Officials keep eye on Turkey’s charm offensive

Officials keep eye on Turkey’s charm offensive

For quite some time, Turkey’s playing the role of regional heavy and awkward NATO ally had allowed Greece to cultivate closer relations with several countries in the Eastern Mediterranean, as well as the United States.

Now that Turkish President Recep Tayyip Erdogan is personally engaged in a strategy to mend relations with its neighbors and others, the notable exceptions being Greece and Cyprus, Greek diplomats and other officials are assessing the effectiveness of his new approach and trying to find ways to respond.

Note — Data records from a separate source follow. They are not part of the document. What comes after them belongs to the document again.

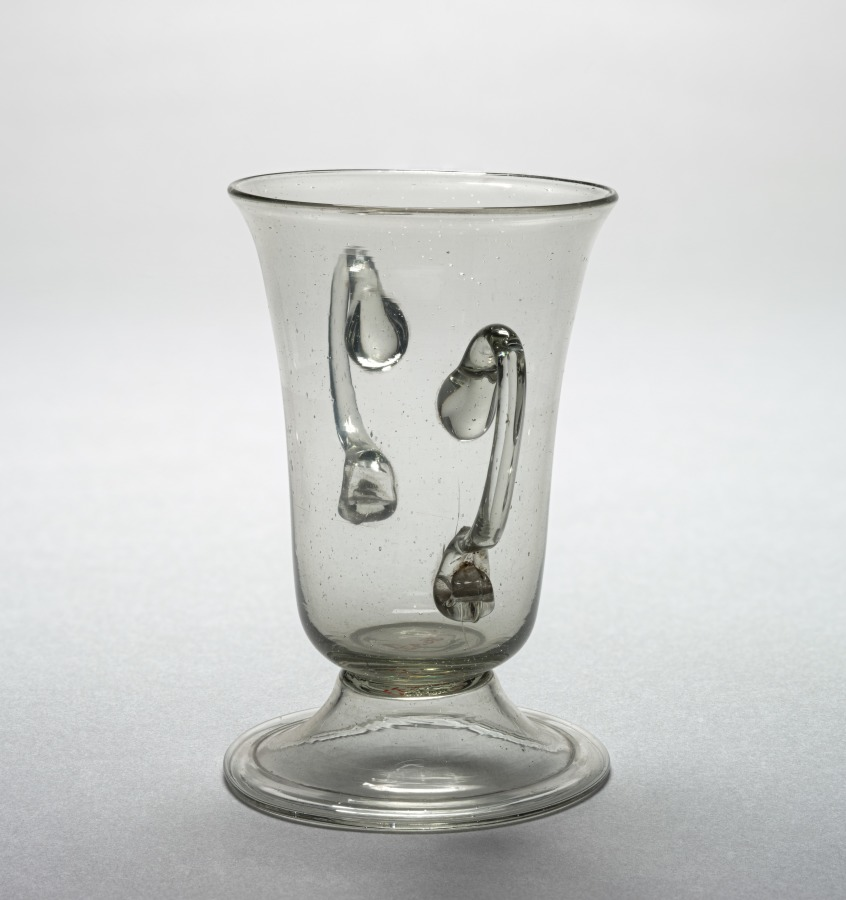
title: Syllabub Glass
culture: England, 18th century
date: c. 1720
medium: glass
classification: Glass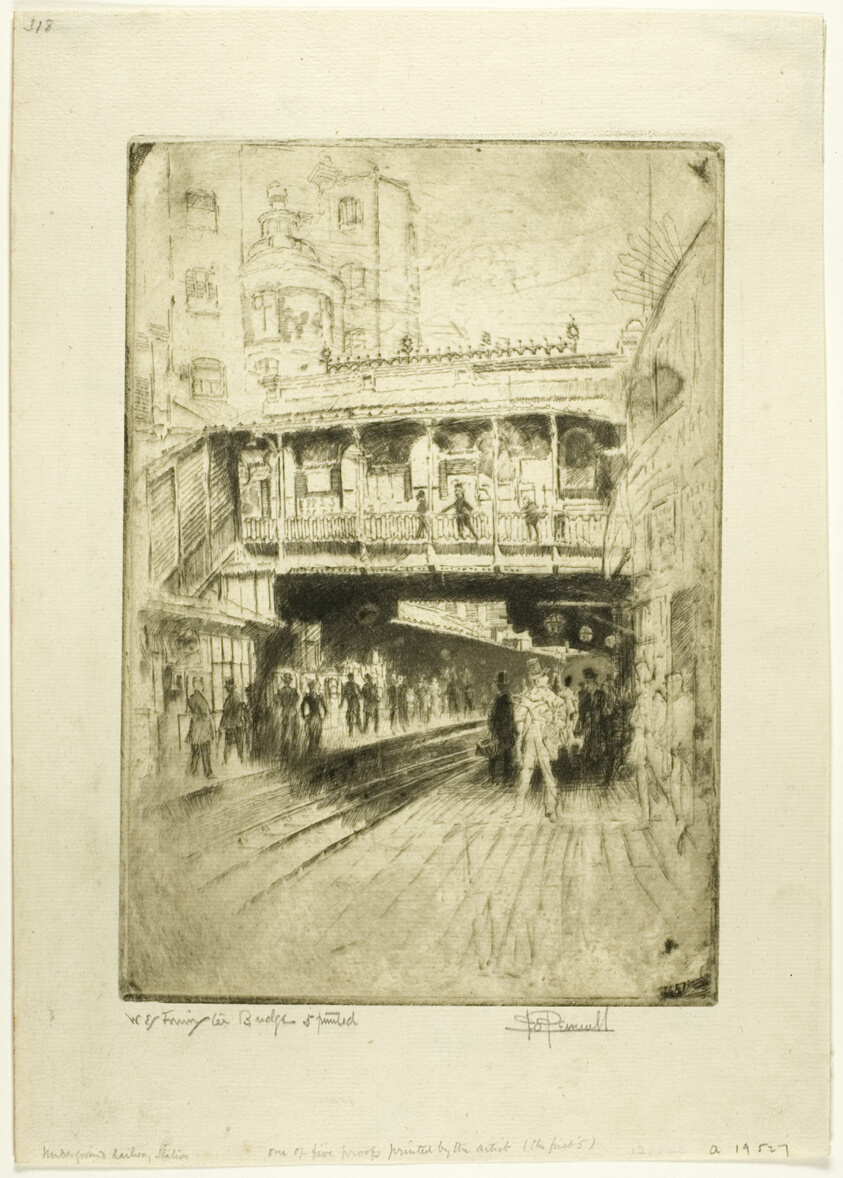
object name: Print
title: Westminster Bridge Station
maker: Joseph Pennell (American, 1857-1926)
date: 1890
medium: Etching on ivory laid paper
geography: United States
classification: etching; print; prints and drawing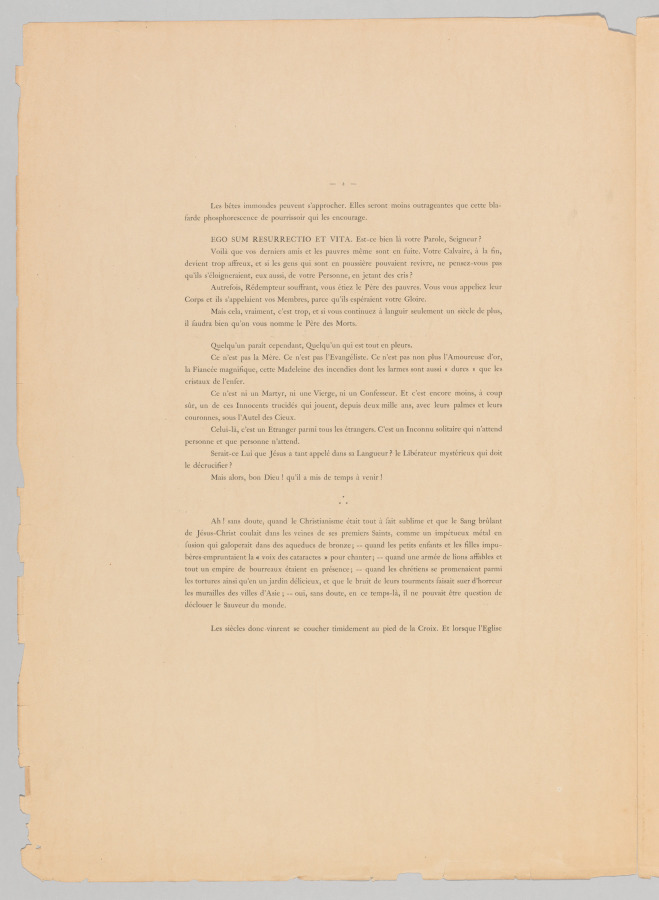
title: The Vintages: The Vintages!
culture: Belgium, 19th century
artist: Henri de Groux (Belgian, 1867–1930)
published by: L'Estampe Originale
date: 1894
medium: letterpress
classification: Print

Turkey’s main goal at the moment is to get on the good side of the United States, after the serious spat prompted by Ankara’s acquisition of the Russian-made S-400 surface-to-air missile system. While the State Department is more amenable to normalizing relations than the Congress, Ankara is using the conflict in Ukraine to underline its “indispensable” role as a NATO member in the area. It has sold Bayraktar TB2 unmanned aerial vehicles (UAVs) to Ukraine and is in talks to provide more types of UAVs for offensive use.

Since the US made clear it had withdrawn its support for the EastMed gas pipeline project involving Cyprus, Greece and Israel, Turkey has been emboldened to present itself as the country without which no energy, as well as other, deals can be made in the area.

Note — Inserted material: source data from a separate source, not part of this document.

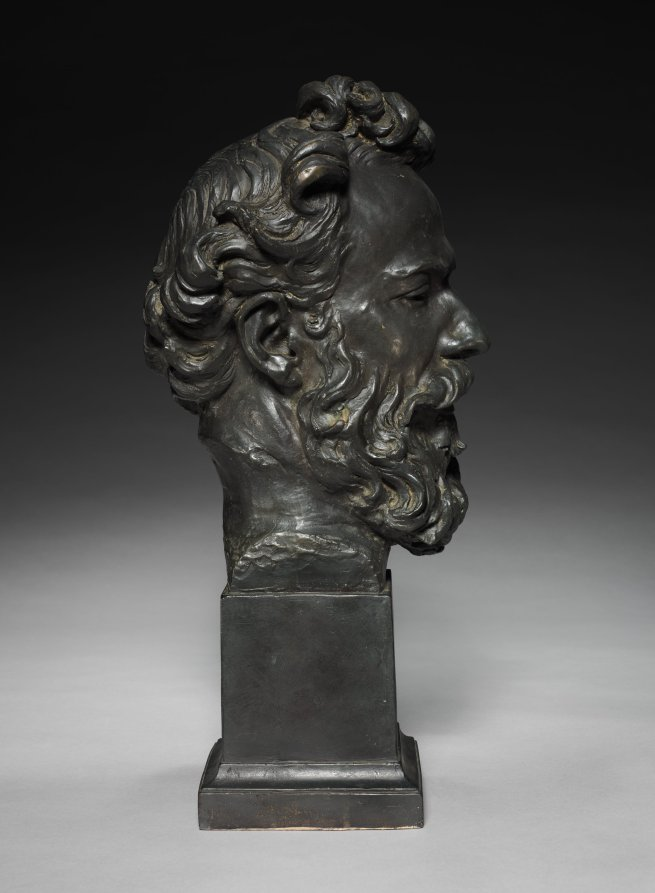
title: Head of Alphonse Legros
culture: France, 19th century
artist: Jules Dalou (French, 1838–1902)
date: c. 1876
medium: bronze
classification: Sculpture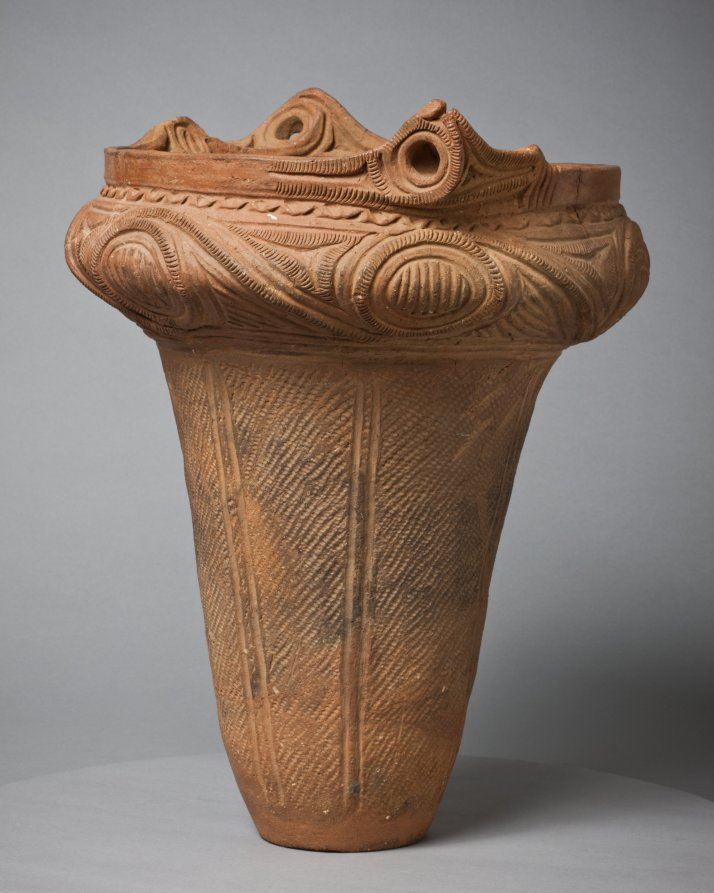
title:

Athens is not willing to be dragged deep into the conflict involving Ukraine, other than fulfilling its conventional duties as a NATO member. This means the use of bases in Souda and Alexandroupoli and Greece is worried that the US will make additional demands.

Israeli officials are assuring Greece that the desire to normalize relations with Turkey, disrupted since 2015, will not affect bilateral cooperation.